The mathematical secrets of Pascal’s triangle – Wajdi Mohamed Ratemi


This may look like a neatly arranged
stack of numbers, but it’s actually
a mathematical treasure trove. Indian mathematicians called it
the Staircase of Mount Meru. In Iran, it’s the Khayyam Triangle. And in China, it’s Yang Hui’s Triangle. To much of the Western world,
it’s known as Pascal’s Triangle after French mathematician Blaise Pascal, which seems a bit unfair
since he was clearly late to the party, but he still had a lot to contribute. So what is it about this that has so
intrigued mathematicians the world over? In short,
it’s full of patterns and secrets. First and foremost, there’s the pattern
that generates it. Start with one and imagine invisible
zeros on either side of it. Add them together in pairs,
and you’ll generate the next row. Now, do that again and again. Keep going and you’ll wind up
with something like this, though really Pascal’s Triangle
goes on infinitely. Now, each row corresponds to what’s called
the coefficients of a binomial expansion of the form (x+y)^n, where n is the number of the row, and we start counting from zero. So if you make n=2 and expand it, you get (x^2) + 2xy + (y^2). The coefficients,
or numbers in front of the variables, are the same as the numbers in that row
of Pascal’s Triangle. You’ll see the same thing with n=3,
which expands to this. So the triangle is a quick and easy way
to look up all of these coefficients. But there’s much more. For example, add up
the numbers in each row, and you’ll get successive powers of two. Or in a given row, treat each number
as part of a decimal expansion. In other words, row two is
(1×1) + (2×10) + (1×100). You get 121, which is 11^2. And take a look at what happens
when you do the same thing to row six. It adds up to 1,771,561,
which is 11^6, and so on. There are also geometric applications. Look at the diagonals. The first two aren’t very interesting:
all ones, and then the positive integers, also known as natural numbers. But the numbers in the next diagonal
are called the triangular numbers because if you take that many dots, you can stack them
into equilateral triangles. The next diagonal
has the tetrahedral numbers because similarly, you can stack
that many spheres into tetrahedra. Or how about this:
shade in all of the odd numbers. It doesn’t look like much
when the triangle’s small, but if you add thousands of rows, you get a fractal
known as Sierpinski’s Triangle. This triangle isn’t just
a mathematical work of art. It’s also quite useful, especially when it comes
to probability and calculations in the domain of combinatorics. Say you want to have five children, and would like to know the probability of having your dream family
of three girls and two boys. In the binomial expansion, that corresponds
to girl plus boy to the fifth power. So we look at the row five, where the first number
corresponds to five girls, and the last corresponds to five boys. The third number
is what we’re looking for. Ten out of the sum
of all the possibilities in the row. so 10/32, or 31.25%. Or, if you’re randomly
picking a five-player basketball team out of a group of twelve friends, how many possible groups
of five are there? In combinatoric terms, this problem would
be phrased as twelve choose five, and could be calculated with this formula, or you could just look at the sixth
element of row twelve on the triangle and get your answer. The patterns in Pascal’s Triangle are a testament to the elegantly
interwoven fabric of mathematics. And it’s still revealing fresh secrets
to this day. For example, mathematicians recently
discovered a way to expand it to these kinds of polynomials. What might we find next? Well, that’s up to you.
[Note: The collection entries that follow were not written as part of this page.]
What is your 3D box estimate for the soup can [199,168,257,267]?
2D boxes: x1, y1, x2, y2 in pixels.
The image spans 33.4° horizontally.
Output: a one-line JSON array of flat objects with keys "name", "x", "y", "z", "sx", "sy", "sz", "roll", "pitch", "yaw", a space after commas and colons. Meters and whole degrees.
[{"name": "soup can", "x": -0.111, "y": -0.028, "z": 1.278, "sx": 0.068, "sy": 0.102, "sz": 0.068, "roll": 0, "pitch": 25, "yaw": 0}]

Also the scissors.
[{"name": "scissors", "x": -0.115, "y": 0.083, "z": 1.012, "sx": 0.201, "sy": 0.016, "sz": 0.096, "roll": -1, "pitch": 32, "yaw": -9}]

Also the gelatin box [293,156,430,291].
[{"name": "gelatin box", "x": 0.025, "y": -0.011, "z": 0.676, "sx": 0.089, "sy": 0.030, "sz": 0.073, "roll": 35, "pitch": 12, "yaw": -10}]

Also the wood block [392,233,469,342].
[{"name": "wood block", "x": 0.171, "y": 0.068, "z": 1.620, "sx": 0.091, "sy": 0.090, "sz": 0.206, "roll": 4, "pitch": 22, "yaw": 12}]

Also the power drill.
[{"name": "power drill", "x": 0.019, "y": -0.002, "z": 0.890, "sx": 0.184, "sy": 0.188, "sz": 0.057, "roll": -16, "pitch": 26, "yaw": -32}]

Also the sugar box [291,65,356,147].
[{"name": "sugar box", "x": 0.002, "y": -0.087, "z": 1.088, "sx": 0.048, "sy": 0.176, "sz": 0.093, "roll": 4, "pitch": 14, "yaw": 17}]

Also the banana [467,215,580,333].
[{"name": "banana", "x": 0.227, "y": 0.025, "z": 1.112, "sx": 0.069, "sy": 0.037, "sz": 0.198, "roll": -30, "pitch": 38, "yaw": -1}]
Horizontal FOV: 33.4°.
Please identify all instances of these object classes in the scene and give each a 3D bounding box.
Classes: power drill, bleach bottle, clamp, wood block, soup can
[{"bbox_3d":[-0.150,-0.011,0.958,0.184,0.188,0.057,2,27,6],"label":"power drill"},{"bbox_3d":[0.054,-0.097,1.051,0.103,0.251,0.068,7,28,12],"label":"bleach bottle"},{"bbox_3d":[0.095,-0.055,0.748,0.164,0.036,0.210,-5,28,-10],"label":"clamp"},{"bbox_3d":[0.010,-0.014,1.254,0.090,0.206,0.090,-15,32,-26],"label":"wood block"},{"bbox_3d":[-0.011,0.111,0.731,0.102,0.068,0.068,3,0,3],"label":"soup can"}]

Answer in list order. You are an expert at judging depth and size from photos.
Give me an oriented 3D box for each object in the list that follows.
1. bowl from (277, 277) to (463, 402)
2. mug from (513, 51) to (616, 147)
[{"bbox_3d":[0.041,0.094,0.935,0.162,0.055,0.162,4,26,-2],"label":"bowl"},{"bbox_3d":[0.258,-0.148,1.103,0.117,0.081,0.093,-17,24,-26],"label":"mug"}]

100 thoughts on “The mathematical secrets of Pascal’s triangle – Wajdi Mohamed Ratemi

  1. Easy I solved this alone in 30 seconds
    Easily is
    First row 11^0=1
    Second 11^2=121
    So on

  2. Things they have missed…
    Fibonacci sequence and the use in Binomial Theorem.
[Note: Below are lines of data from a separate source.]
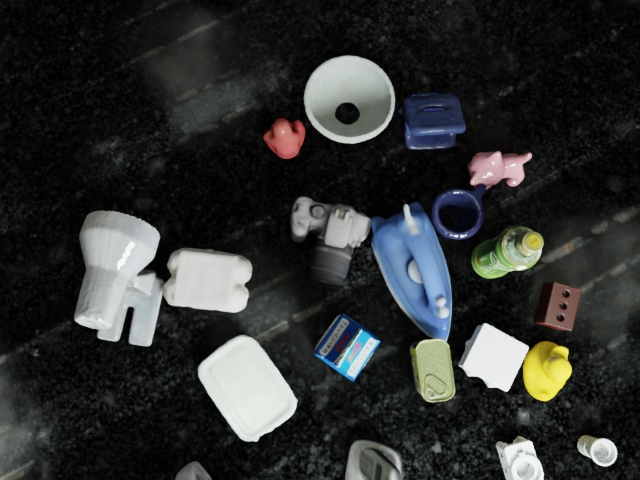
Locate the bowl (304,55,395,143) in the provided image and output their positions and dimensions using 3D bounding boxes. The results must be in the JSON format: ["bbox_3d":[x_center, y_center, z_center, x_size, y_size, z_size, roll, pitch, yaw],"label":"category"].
[{"bbox_3d":[0.053,-0.252,1.069,0.167,0.075,0.167,0,81,-1],"label":"bowl"}]

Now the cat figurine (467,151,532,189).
[{"bbox_3d":[0.318,-0.132,1.032,0.128,0.118,0.067,-15,81,-3],"label":"cat figurine"}]

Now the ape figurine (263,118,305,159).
[{"bbox_3d":[-0.066,-0.194,1.049,0.078,0.092,0.076,-2,81,-1],"label":"ape figurine"}]

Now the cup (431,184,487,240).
[{"bbox_3d":[0.246,-0.050,1.029,0.091,0.095,0.118,43,83,6],"label":"cup"}]

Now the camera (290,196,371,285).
[{"bbox_3d":[0.009,0.004,1.014,0.143,0.101,0.137,14,81,1],"label":"camera"}]

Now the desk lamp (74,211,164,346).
[{"bbox_3d":[-0.327,0.070,0.941,0.118,0.213,0.203,8,81,1],"label":"desk lamp"}]

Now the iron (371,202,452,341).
[{"bbox_3d":[0.179,0.058,0.987,0.118,0.141,0.258,-21,82,-4],"label":"iron"}]

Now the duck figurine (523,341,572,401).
[{"bbox_3d":[0.401,0.228,0.992,0.077,0.086,0.105,19,81,2],"label":"duck figurine"}]

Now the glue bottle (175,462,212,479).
[{"bbox_3d":[-0.205,0.406,0.909,0.037,0.173,0.078,-42,83,-7],"label":"glue bottle"}]

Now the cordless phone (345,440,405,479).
[{"bbox_3d":[0.090,0.405,0.908,0.094,0.185,0.148,5,81,0],"label":"cordless phone"}]

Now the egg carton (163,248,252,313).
[{"bbox_3d":[-0.198,0.070,1.016,0.150,0.069,0.107,6,81,0],"label":"egg carton"}]

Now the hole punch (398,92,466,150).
[{"bbox_3d":[0.206,-0.227,1.059,0.108,0.091,0.101,-4,81,-1],"label":"hole punch"}]

  3. for the combinatorics part you said were looking at the 3rd number so for every row you look at the 3rd number or do you look at the highest number in that row

  4. I think Chinese make this person up. I grow up from china, I have never know something like these. I am shame for china. they all way's make thing's up. it is ok to have something they had never study. we don't need to make up a name for the area. Before 1800, china have never learn to use some people's name for certain area. not a single one. now , suddenly there is Yang Hui jump out. Shame of such action. if you are study overboard and work with other countries scholar.Please amid that china don't have such things. as everybody know, even though, Chinese good at math, in history China didn't study math. The only thing they study is abacus.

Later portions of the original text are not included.